Tommy K discovered his love for craft beer when his dad said he had to get a job or he’d get kicked out of the house. The only place that would hire him is the now defunct “Suds & Buds Beerworks” in Vista, where he worked as a keg washer / junior cellarman for 5 months before getting fired for blazing and ditching work to catch waves. We’re also legally obligated to tell you that he’s a registered sex offender. Drink local!

Aaron Scott

Head Brewer

A functioning alcoholic since freshman year of college, Aaron majored in Brewing & Viticulture at the South Harmon Institute of Technology. He was totally stoked to lend his expertise to Sleepaway’s state-of-the-art brewing system when he found out about it, because we’re so chill. He eats California burritos every day, and his favorite beer is bourbon. 

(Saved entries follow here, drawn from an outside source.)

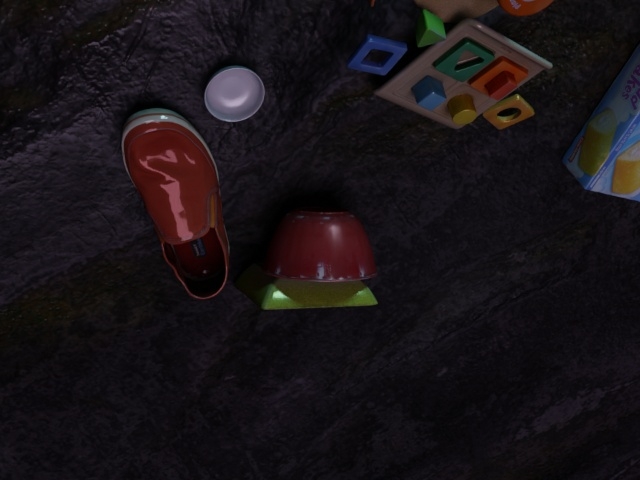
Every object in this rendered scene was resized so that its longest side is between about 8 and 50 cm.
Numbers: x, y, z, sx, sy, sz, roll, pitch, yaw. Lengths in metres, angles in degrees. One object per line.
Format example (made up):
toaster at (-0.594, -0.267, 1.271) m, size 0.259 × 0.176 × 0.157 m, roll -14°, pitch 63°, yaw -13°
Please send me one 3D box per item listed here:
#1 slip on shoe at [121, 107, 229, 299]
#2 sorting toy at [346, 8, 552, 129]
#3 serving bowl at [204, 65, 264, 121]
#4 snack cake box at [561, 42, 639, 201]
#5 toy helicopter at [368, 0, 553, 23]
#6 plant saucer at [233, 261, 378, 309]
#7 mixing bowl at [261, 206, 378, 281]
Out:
slip on shoe at (-0.197, -0.045, 1.199) m, size 0.123 × 0.101 × 0.331 m, roll -15°, pitch 131°, yaw -5°
sorting toy at (0.202, -0.217, 1.168) m, size 0.348 × 0.047 × 0.196 m, roll 14°, pitch 148°, yaw -39°
serving bowl at (-0.120, -0.205, 1.138) m, size 0.083 × 0.027 × 0.083 m, roll -10°, pitch 131°, yaw -12°
snack cake box at (0.533, -0.197, 1.342) m, size 0.152 × 0.089 × 0.264 m, roll 9°, pitch 126°, yaw -26°
toy helicopter at (0.134, -0.392, 0.975) m, size 0.235 × 0.140 × 0.355 m, roll -19°, pitch 145°, yaw 13°
plant saucer at (-0.027, 0.066, 1.327) m, size 0.189 × 0.188 × 0.045 m, roll 0°, pitch 98°, yaw -20°
mixing bowl at (0.000, 0.000, 1.285) m, size 0.182 × 0.181 × 0.098 m, roll -1°, pitch 98°, yaw -20°
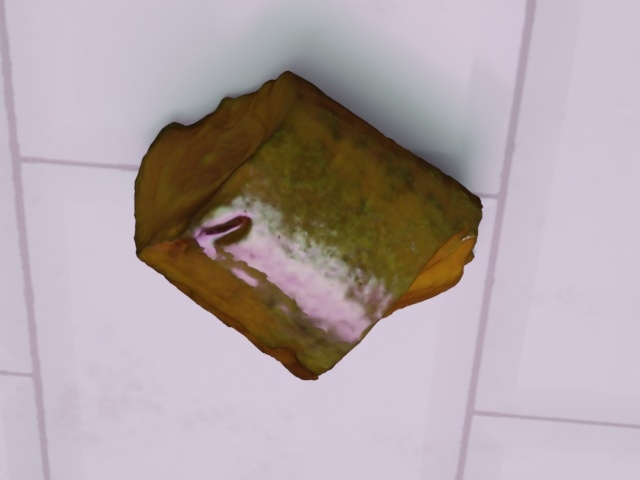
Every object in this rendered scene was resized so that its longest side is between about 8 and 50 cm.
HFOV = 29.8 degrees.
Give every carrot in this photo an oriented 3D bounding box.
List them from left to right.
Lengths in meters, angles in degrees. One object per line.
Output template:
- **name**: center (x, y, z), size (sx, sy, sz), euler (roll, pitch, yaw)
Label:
- **carrot**: center (0.000, 0.000, 1.125), size (0.341, 0.241, 0.241), euler (35, 119, -15)
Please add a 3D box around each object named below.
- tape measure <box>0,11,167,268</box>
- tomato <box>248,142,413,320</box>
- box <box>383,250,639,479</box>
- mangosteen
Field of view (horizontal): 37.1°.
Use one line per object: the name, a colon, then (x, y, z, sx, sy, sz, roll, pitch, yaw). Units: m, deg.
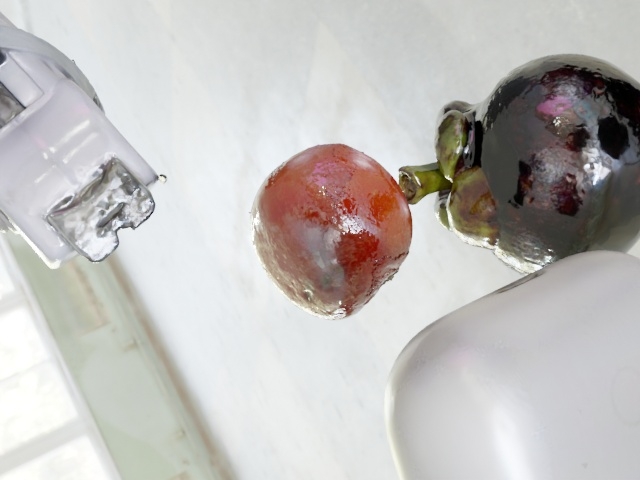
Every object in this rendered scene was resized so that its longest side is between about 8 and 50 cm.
tape measure: (-0.204, -0.072, 0.639, 0.197, 0.120, 0.236, 49, 168, -9)
tomato: (0.000, 0.000, 0.992, 0.173, 0.189, 0.099, 41, -157, -4)
box: (0.200, 0.196, 0.713, 0.141, 0.289, 0.349, -14, 96, 53)
mangosteen: (0.291, -0.099, 1.231, 0.313, 0.297, 0.297, 24, 137, 38)
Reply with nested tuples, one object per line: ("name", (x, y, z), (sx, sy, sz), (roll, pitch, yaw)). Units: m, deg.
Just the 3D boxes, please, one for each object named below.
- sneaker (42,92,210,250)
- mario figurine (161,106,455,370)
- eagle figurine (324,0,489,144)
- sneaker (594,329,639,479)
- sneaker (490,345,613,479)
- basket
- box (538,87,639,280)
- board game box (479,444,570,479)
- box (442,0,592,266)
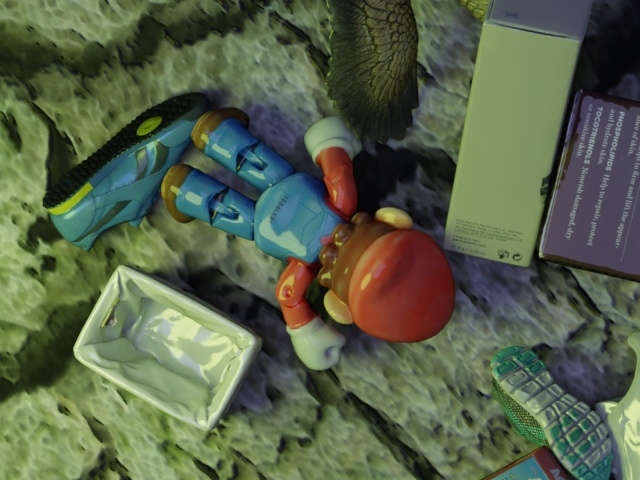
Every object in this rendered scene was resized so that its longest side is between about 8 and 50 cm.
("sneaker", (-0.191, -0.072, 1.746), (0.209, 0.069, 0.082), (-39, 118, -3))
("mario figurine", (0.000, 0.000, 1.705), (0.320, 0.170, 0.198), (34, 130, 17))
("eagle figurine", (0.093, -0.266, 1.633), (0.225, 0.226, 0.298), (-26, 94, -34))
("sneaker", (0.343, 0.233, 1.660), (0.152, 0.114, 0.305), (12, 94, 31))
("sneaker", (0.230, 0.184, 1.667), (0.065, 0.076, 0.166), (-28, 67, -21))
("basket", (-0.151, 0.108, 1.712), (0.167, 0.103, 0.113), (29, 93, 6))
("box", (0.327, -0.040, 1.616), (0.203, 0.168, 0.167), (13, 91, 7))
("board game box", (0.255, 0.348, 1.651), (0.281, 0.027, 0.145), (55, 138, 4))
("box", (0.188, -0.115, 1.593), (0.094, 0.113, 0.275), (13, 132, 6))
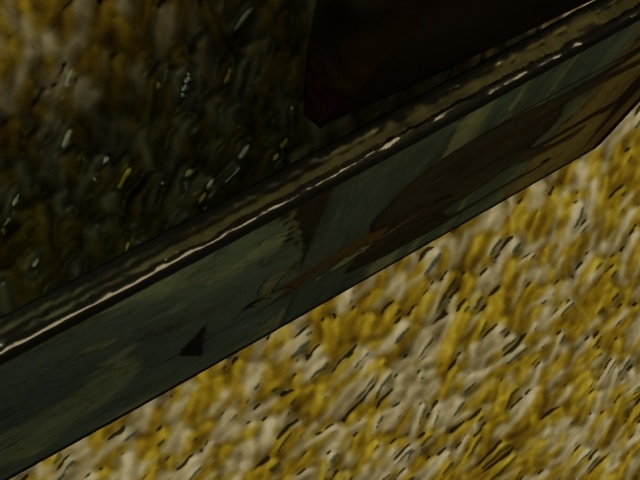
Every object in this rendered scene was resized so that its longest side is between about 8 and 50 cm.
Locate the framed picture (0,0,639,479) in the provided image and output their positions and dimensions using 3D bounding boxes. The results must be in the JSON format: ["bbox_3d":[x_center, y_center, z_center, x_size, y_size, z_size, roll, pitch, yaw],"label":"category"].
[{"bbox_3d":[0.000,0.000,0.580,0.347,0.016,0.265,-28,171,-12],"label":"framed picture"}]

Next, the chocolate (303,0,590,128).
[{"bbox_3d":[0.087,-0.242,0.384,0.314,0.297,0.326,-31,177,-27],"label":"chocolate"}]
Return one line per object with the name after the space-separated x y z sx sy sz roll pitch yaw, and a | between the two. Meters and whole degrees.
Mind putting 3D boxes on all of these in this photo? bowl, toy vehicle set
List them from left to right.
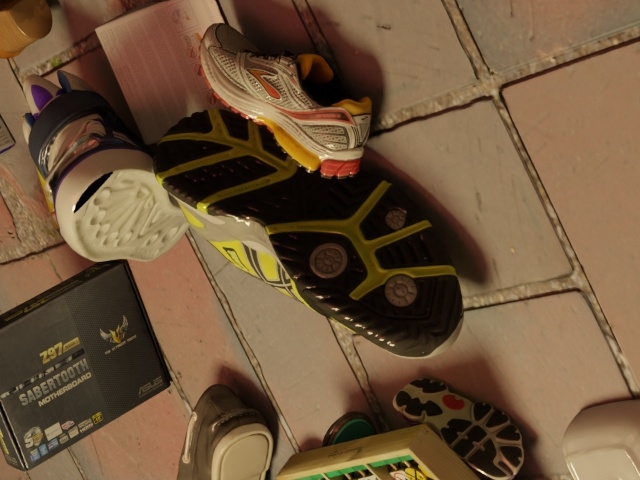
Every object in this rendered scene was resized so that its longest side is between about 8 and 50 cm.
0.081 0.277 1.831 0.166 0.035 0.267 46 148 -13 | toy vehicle set
0.290 0.224 1.618 0.142 0.053 0.142 -19 101 57 | bowl

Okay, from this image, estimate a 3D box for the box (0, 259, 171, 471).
-0.318 0.153 2.183 0.059 0.233 0.183 6 120 53 | box

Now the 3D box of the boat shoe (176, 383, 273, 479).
-0.129 0.317 2.195 0.095 0.112 0.335 55 145 38 | boat shoe

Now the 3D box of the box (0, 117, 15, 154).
-0.490 -0.150 2.262 0.072 0.126 0.137 -25 95 55 | box

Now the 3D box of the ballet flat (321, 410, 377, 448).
0.030 0.255 1.965 0.074 0.074 0.203 28 142 37 | ballet flat

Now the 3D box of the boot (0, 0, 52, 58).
-0.440 -0.346 2.066 0.211 0.104 0.295 -2 118 52 | boot

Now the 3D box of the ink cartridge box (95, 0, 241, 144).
-0.147 -0.193 1.882 0.179 0.045 0.145 -14 104 38 | ink cartridge box

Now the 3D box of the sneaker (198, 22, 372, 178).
-0.029 -0.156 1.722 0.225 0.088 0.092 38 121 27 | sneaker

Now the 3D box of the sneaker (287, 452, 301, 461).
-0.046 0.382 2.105 0.112 0.131 0.296 41 141 28 | sneaker

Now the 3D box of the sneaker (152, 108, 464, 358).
0.000 0.000 1.774 0.385 0.145 0.147 37 165 30 | sneaker

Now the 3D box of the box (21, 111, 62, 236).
-0.304 -0.073 2.161 0.105 0.043 0.179 16 125 45 | box

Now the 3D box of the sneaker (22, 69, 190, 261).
-0.274 -0.097 1.919 0.236 0.130 0.323 45 -177 14 | sneaker

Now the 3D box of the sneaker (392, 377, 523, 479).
0.148 0.201 1.790 0.170 0.068 0.071 33 155 46 | sneaker
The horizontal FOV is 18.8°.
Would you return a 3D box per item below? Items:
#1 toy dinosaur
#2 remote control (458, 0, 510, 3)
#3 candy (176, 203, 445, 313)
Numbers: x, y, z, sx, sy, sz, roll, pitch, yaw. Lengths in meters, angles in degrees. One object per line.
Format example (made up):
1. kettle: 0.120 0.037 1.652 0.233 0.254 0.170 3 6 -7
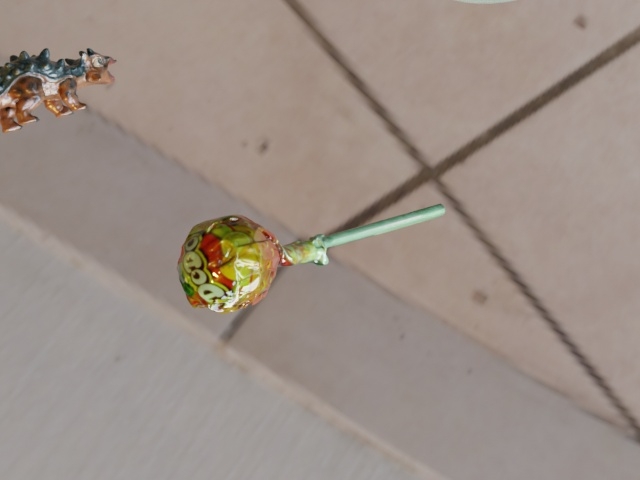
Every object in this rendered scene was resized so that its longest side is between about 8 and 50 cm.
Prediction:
1. toy dinosaur: -0.213 -0.109 1.397 0.049 0.154 0.055 -7 97 58
2. remote control: 0.084 -0.110 0.239 0.140 0.056 0.296 18 155 -40
3. candy: 0.000 0.000 1.186 0.060 0.201 0.060 22 118 49
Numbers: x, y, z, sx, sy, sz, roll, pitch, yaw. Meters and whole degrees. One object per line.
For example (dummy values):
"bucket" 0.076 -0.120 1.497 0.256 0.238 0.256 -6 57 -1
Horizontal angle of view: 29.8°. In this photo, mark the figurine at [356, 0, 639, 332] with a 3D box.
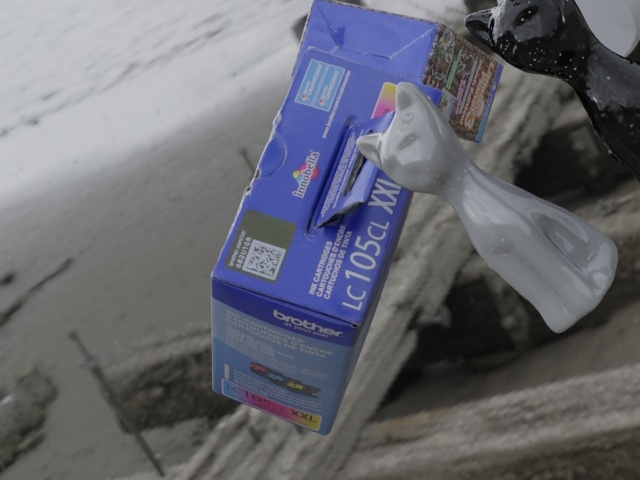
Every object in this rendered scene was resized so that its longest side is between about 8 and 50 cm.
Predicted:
"figurine" 0.152 -0.065 0.842 0.215 0.209 0.092 -46 7 36

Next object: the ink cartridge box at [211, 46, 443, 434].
"ink cartridge box" 0.000 0.000 1.206 0.395 0.151 0.270 97 -168 -64

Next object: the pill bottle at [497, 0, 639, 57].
"pill bottle" 0.262 -0.284 1.028 0.153 0.153 0.265 -3 48 53

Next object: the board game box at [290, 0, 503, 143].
"board game box" 0.130 -0.274 1.966 0.232 0.141 0.291 18 3 28

Long tortured by the tragic death of his twin brother Addison, Raddison earned his first million before the age of 21 with his multiple startup companies. Bored with the corporate life, he donated all of his assets to charity in order to save hungry children. After winning over a dozen gold medals at multiple different breweries, Raddison decided to retire. He currently enjoys brewing pro-bono here at Sleepaway Brew Co.


Tasting Room Manager

Born Elizabeth Walsh, “Kylie” has been on the run from federal police for 3 years. She enjoys bartending because of the cash tips. We’re not exactly sure what she’s in trouble with the cops for, but it’s probably murder.


Accountant/Business Major/Nerd

At Sleepaway Brew Co, we like things to be chill. But someone has to figure out all the paperwork and numbers and stuff. That’s where this guy comes in! Alexander graduated summa cum laude with an MBA from some expensive college. He takes care of all the boring stuff, like “liquor licenses”. But he doesn’t even drink, what a nerd!

David Ray


Since our brewery is located so close to many halfway houses and the county jail, we get a lot of undesirables in our tasting room. That’s where David comes in! Dishonorably discharged from the USMC for mental health reasons, David owns at least 5 unregistered guns.